Reference: Configuration Templates
I needed to make slight modifications to the DHCP server configuration template I used within the easy DHCP relaying lab:
- The default gateway IP tackle is the anycast IP tackle (if current)
- Anycast IP tackle must be excluded from the DHCP pool.

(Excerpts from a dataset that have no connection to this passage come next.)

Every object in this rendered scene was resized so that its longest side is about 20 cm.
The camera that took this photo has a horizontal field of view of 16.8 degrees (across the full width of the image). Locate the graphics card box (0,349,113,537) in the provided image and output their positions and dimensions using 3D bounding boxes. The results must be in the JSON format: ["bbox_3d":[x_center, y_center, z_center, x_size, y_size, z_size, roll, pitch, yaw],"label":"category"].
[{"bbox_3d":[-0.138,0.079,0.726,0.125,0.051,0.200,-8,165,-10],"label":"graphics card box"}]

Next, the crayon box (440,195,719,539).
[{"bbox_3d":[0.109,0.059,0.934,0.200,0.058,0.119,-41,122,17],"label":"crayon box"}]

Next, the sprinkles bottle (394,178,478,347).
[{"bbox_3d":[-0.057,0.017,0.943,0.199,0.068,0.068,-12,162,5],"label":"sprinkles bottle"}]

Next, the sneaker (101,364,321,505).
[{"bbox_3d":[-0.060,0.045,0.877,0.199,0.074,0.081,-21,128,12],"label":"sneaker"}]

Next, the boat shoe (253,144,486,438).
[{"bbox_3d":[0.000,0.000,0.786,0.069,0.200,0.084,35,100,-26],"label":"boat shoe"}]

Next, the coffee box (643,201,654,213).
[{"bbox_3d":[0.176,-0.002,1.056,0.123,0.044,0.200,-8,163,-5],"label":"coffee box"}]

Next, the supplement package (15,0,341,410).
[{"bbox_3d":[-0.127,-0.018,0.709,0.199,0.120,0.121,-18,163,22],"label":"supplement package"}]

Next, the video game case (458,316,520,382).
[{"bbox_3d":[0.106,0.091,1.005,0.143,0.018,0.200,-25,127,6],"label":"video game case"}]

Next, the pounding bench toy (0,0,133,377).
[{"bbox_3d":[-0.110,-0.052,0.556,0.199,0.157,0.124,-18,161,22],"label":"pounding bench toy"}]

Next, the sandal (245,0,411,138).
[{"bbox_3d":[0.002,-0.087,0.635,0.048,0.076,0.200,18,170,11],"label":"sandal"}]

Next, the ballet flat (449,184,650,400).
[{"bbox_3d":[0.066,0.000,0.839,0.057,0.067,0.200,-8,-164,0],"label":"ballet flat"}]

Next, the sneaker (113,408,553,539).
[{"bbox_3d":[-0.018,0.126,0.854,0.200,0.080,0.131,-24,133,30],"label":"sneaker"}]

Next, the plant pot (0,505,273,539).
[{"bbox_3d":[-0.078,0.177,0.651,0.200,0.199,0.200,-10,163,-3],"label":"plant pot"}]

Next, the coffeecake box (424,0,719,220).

DHCP pool configuration template
{% for h,v in hostvars.objects() %}
{% for intf in v.interfaces if intf.dhcp.server is outlined and intf.ipv4 is outlined %}
ip dhcp excluded-address {ipaddr('tackle') }
{% if intf.gateway.ipv4 is outlined %}
ip dhcp excluded-address {ipaddr('tackle') }
{% endif %}
{% endfor %}
{% endfor %}
!
{% for h,v in hostvars.objects() %}
{% for intf in v.interfaces if intf.dhcp.server is outlined and intf.ipv4 is outlined %}
!
ip dhcp pool p_{ipaddr('community') }
community {ipaddr('community') } {ipaddr('netmask') }
{% if intf.gateway.ipv4 is outlined %}
default-router {ipaddr('tackle') }
{% else %}
default-router {ipaddr('tackle') }
{% endif %}
{% endfor %}
{% endfor %}
You may obtain the configuration templates from GitHub;
Strive It Out!
Wish to run this lab by yourself, or strive it out with totally different gadgets? No drawback:
Coming Up Subsequent
DHCP relaying works in VXLAN segments with static ingress replication. Will it additionally work after we add EVPN and EVPN VRFs to the combo? That’s the subject of the subsequent weblog publish on this collection.